Although most players weren’t putting up sub-par rounds, the course did seem to play much easier than the doom and gloom predictions many players had earlier in the week. At the close of play today, there are thirty-four players within five shots of the lead.

Before competition today, Jim Hyler, the USGA’s Chairman of the Championship Committee, said, "Each morning, we will really look at [the greens] again as we go through our setup, just making sure that we don’t go over the edge." Hyler was true to his word, and many of the players praised the USGA’s course setup and conditions, with the overwhelming consensus being just how fairly the course played for everyone. Several commented that today will likely be easiest day of the tournament. Defending champion Geoff Ogilvy said, "As long as it doesn’t rain at night it’s going to get harder and harder. The pins could have been harder, the 8th tee was up, which didn’t help me out but the 8th tee was up, so it can only play harder than it did this morning."

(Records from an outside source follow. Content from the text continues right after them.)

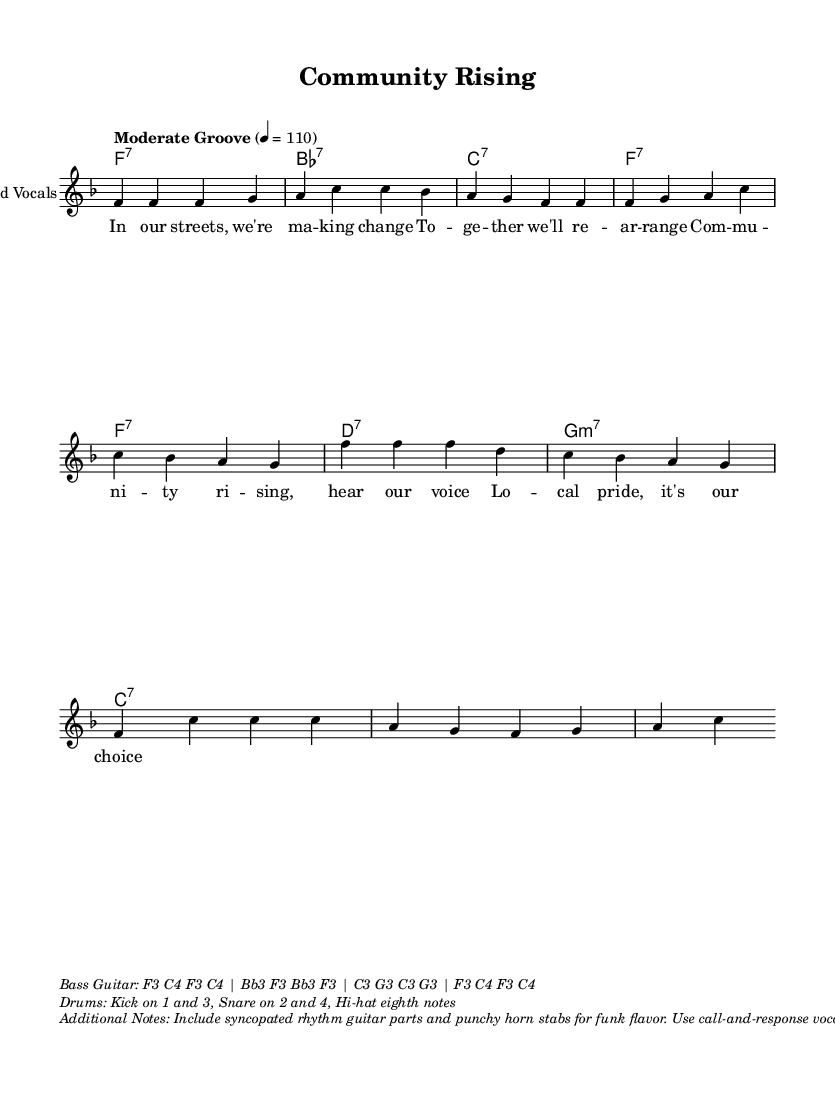What is the key signature of this music? The key signature shows one flat, indicating it is in F major.
Answer: F major What is the time signature of the music? The time signature is indicated at the beginning of the score, showing four beats in each measure.
Answer: 4/4 What is the tempo marking for this piece? The tempo marking at the beginning states to play at a moderate groove, with a metronome marking of 110 beats per minute.
Answer: Moderate Groove, 110 How many measures are in the melody line? By counting the measures in the melody, you can see a total of eight measures present in the provided music.
Answer: 8 What instrument is indicated for the lead vocals? In the score, the instrument name at the start specifies that the lead part is designated for vocals.
Answer: Lead Vocals What kind of rhythm section is suggested in the music? The additional notes indicate using specific drum patterns and bass rhythms, suggesting a funky style appropriate for the genre.
Answer: Funk rhythm What lyrical theme is presented in this piece? The lyrics reflect themes of community, local pride, and activism, emphasizing togetherness and change.
Answer: Community and activism 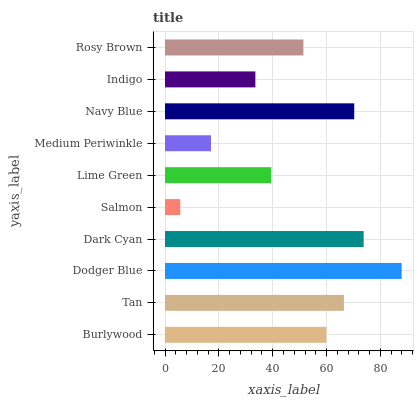Is Salmon the minimum?
Answer yes or no. Yes. Is Dodger Blue the maximum?
Answer yes or no. Yes. Is Tan the minimum?
Answer yes or no. No. Is Tan the maximum?
Answer yes or no. No. Is Tan greater than Burlywood?
Answer yes or no. Yes. Is Burlywood less than Tan?
Answer yes or no. Yes. Is Burlywood greater than Tan?
Answer yes or no. No. Is Tan less than Burlywood?
Answer yes or no. No. Is Burlywood the high median?
Answer yes or no. Yes. Is Rosy Brown the low median?
Answer yes or no. Yes. Is Dark Cyan the high median?
Answer yes or no. No. Is Lime Green the low median?
Answer yes or no. No. 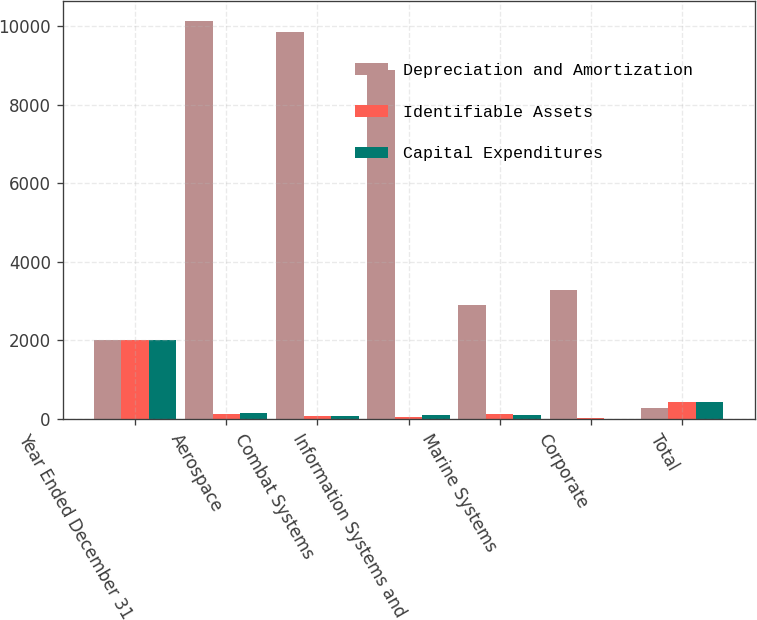Convert chart. <chart><loc_0><loc_0><loc_500><loc_500><stacked_bar_chart><ecel><fcel>Year Ended December 31<fcel>Aerospace<fcel>Combat Systems<fcel>Information Systems and<fcel>Marine Systems<fcel>Corporate<fcel>Total<nl><fcel>Depreciation and Amortization<fcel>2017<fcel>10126<fcel>9846<fcel>8877<fcel>2906<fcel>3291<fcel>287.5<nl><fcel>Identifiable Assets<fcel>2017<fcel>132<fcel>84<fcel>63<fcel>123<fcel>26<fcel>428<nl><fcel>Capital Expenditures<fcel>2017<fcel>147<fcel>86<fcel>92<fcel>109<fcel>7<fcel>441<nl></chart> 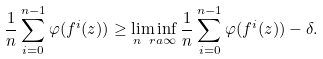<formula> <loc_0><loc_0><loc_500><loc_500>\frac { 1 } { n } \sum _ { i = 0 } ^ { n - 1 } \varphi ( f ^ { i } ( z ) ) \geq \liminf _ { n \ r a \infty } \frac { 1 } { n } \sum _ { i = 0 } ^ { n - 1 } \varphi ( f ^ { i } ( z ) ) - \delta .</formula> 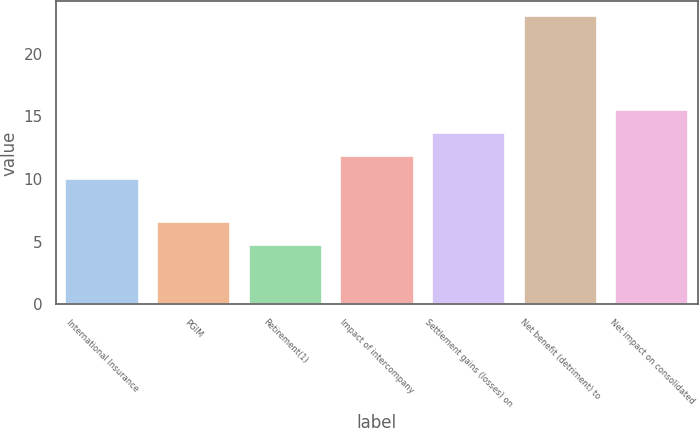<chart> <loc_0><loc_0><loc_500><loc_500><bar_chart><fcel>International Insurance<fcel>PGIM<fcel>Retirement(1)<fcel>Impact of intercompany<fcel>Settlement gains (losses) on<fcel>Net benefit (detriment) to<fcel>Net impact on consolidated<nl><fcel>10<fcel>6.55<fcel>4.72<fcel>11.83<fcel>13.66<fcel>23<fcel>15.49<nl></chart> 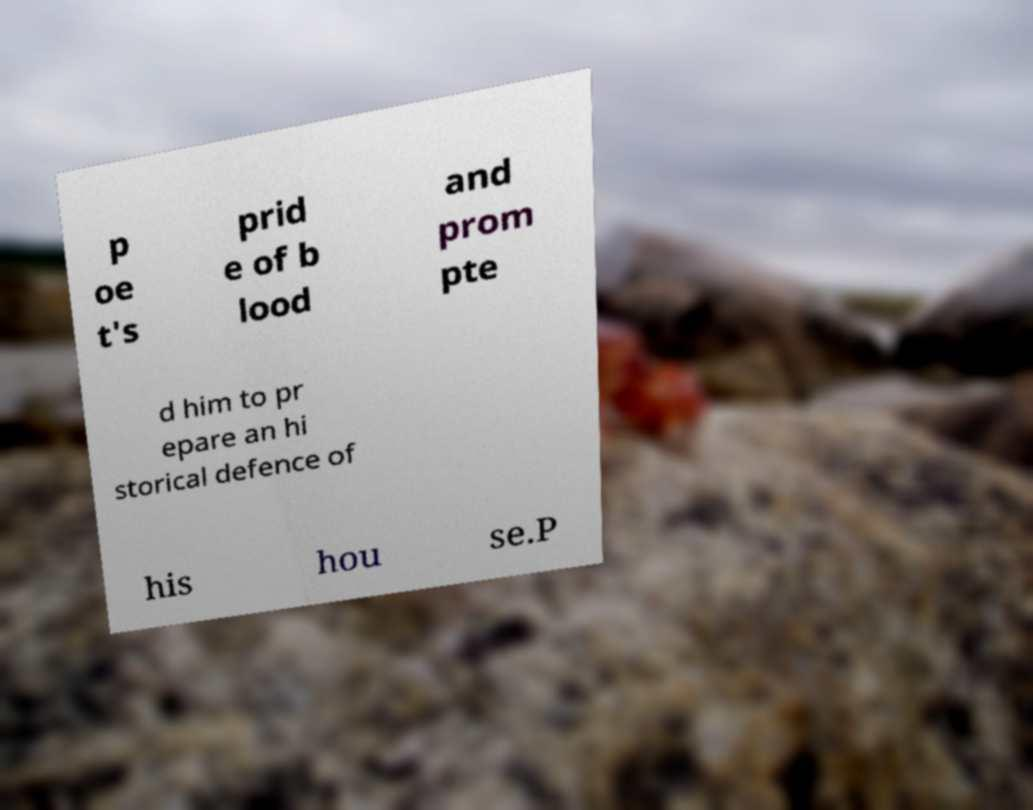Please read and relay the text visible in this image. What does it say? p oe t's prid e of b lood and prom pte d him to pr epare an hi storical defence of his hou se.P 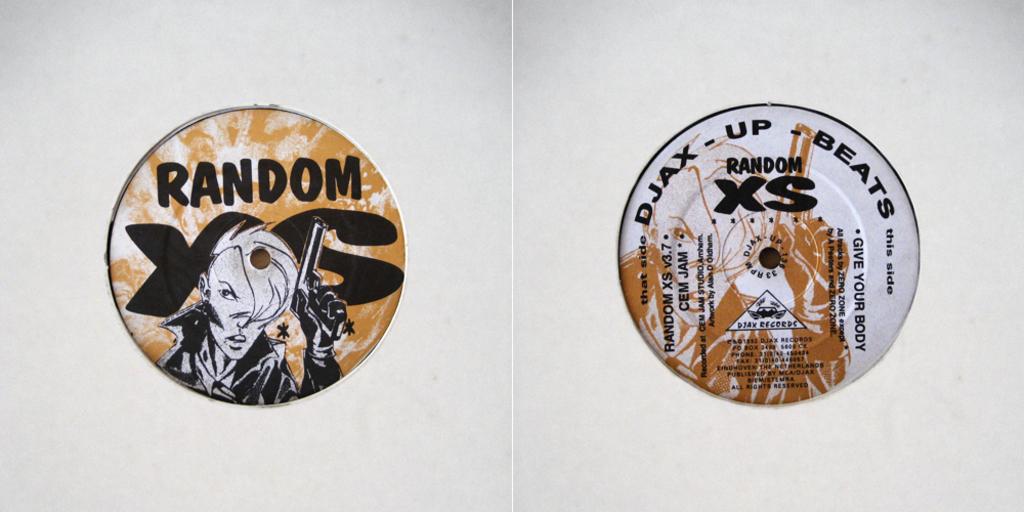What does the right side vinyl say?
Give a very brief answer. Random xs. 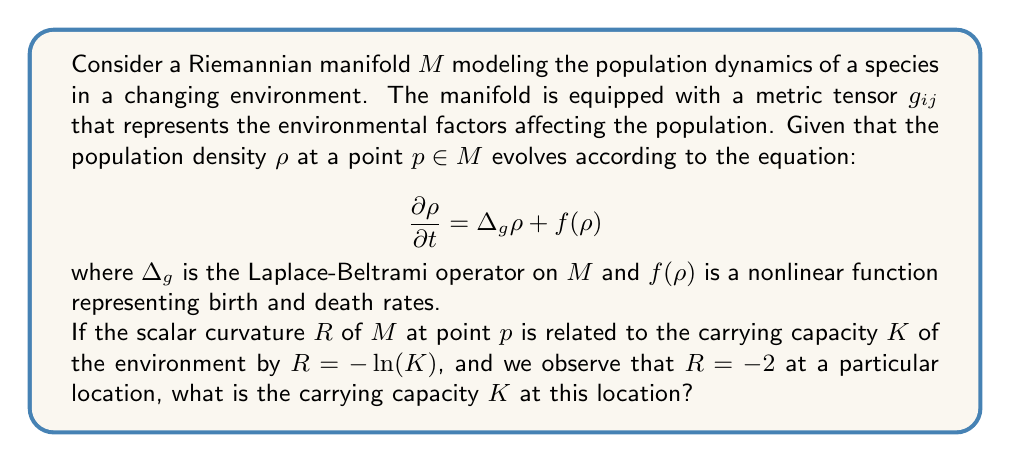Help me with this question. To solve this problem, we need to understand the relationship between the scalar curvature $R$ and the carrying capacity $K$, and then use the given information to calculate $K$.

1. We are given that the scalar curvature $R$ is related to the carrying capacity $K$ by the equation:

   $$R = -\ln(K)$$

2. At a particular location, we observe that $R = -2$. We can substitute this value into the equation:

   $$-2 = -\ln(K)$$

3. To solve for $K$, we need to apply the exponential function to both sides of the equation. This is because the exponential function is the inverse of the natural logarithm:

   $$e^{-2} = e^{-\ln(K)}$$

4. The right-hand side simplifies due to the properties of exponentials and logarithms:

   $$e^{-2} = \frac{1}{K}$$

5. Now we can solve for $K$ by taking the reciprocal of both sides:

   $$K = \frac{1}{e^{-2}}$$

6. We can simplify this further:

   $$K = e^2$$

7. The value of $e^2$ is approximately 7.389, but in the context of population dynamics, it's more appropriate to round to a whole number.

This result indicates that the carrying capacity $K$ at the location where $R = -2$ is approximately 7 individuals (rounded to the nearest whole number).

From a zoological perspective, this carrying capacity represents the maximum sustainable population size that the environment can support at this specific location, given the current environmental conditions as encoded in the Riemannian metric of the manifold.
Answer: The carrying capacity $K$ at the location where $R = -2$ is $e^2 \approx 7$ individuals (rounded to the nearest whole number). 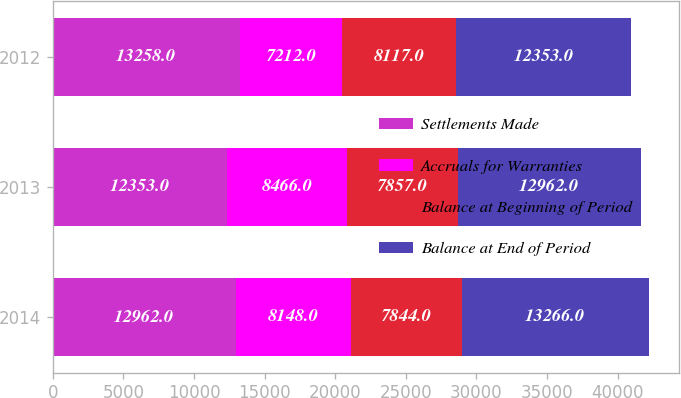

Perhaps the biggest surprise of the first round was Engishman Nick Dougherty‘s 68. His four birdie, two bogey round early in the morning sent him to the clubhouse posting the only red numbers on the leaderboard. Dougherty’s past may not be very well known to most people in the United States, but he was the winner of Nick Faldo’s Junior Series events and a member of the Walker Cup team before gaining entry onto the European Tour via their Qualifying School Tournament. In 2006, he won the Caltex Singapore Masters for his first European Tour win. When asked about his round, Dougherty was cautiously optimistic saying, "You know, I didn’t actually play that well tee-to-green, but obviously I was hitting it in the right places when I missed. I never really short-sided myself all day, which is great. And my short game is red hot as it has been recently. I putted solid… So in all, I’m delighted. That’s a great start."

Although Dougherty might have been the talk of the day, it was of little surprise to see Tiger Woods end with a 71, placing him at +1, just three shots behind the leader. A difficult day mixing three birdies among four bogies yielded Woods’s day. For much of the week, the major question was could Tiger improve his driving accuracy and avoid the penal U.S. Open rough? Woods hit six drivers today and was able to find 9 of 14 fairways, the best of which was his drive at the short par 4 17th which found the front edge of the green and after a chip and a putt, Woods found his last birdie. However, Tiger uncharacteristically struggled with some approach shots today, missing a some greens from the fairway, but his short game allowed him to find pars from the thick greenside rough and bunkers.

Phil Mickelson’s wrist was visibly hurting during his morning warm-up, and it appeared that Mickelson cut his warm-up routine significantly short hitting only a few wedges, some short irons, and a single driver. During his round, his right hand frequently came off the club early on his follow through and early on was having difficulty finding fairways off the tee. However, as the round progressed, he seemed to become much more comfortable and his swing freed up dramatically. Mickelson said, "I don’t think that it was the wrist that affected me today, per say; it was the last couple weeks not being able to prepare. I felt rusty, hit some hybrids off the tee to try to get it into play and missed the fairway more than I had been and that’s what was difficult."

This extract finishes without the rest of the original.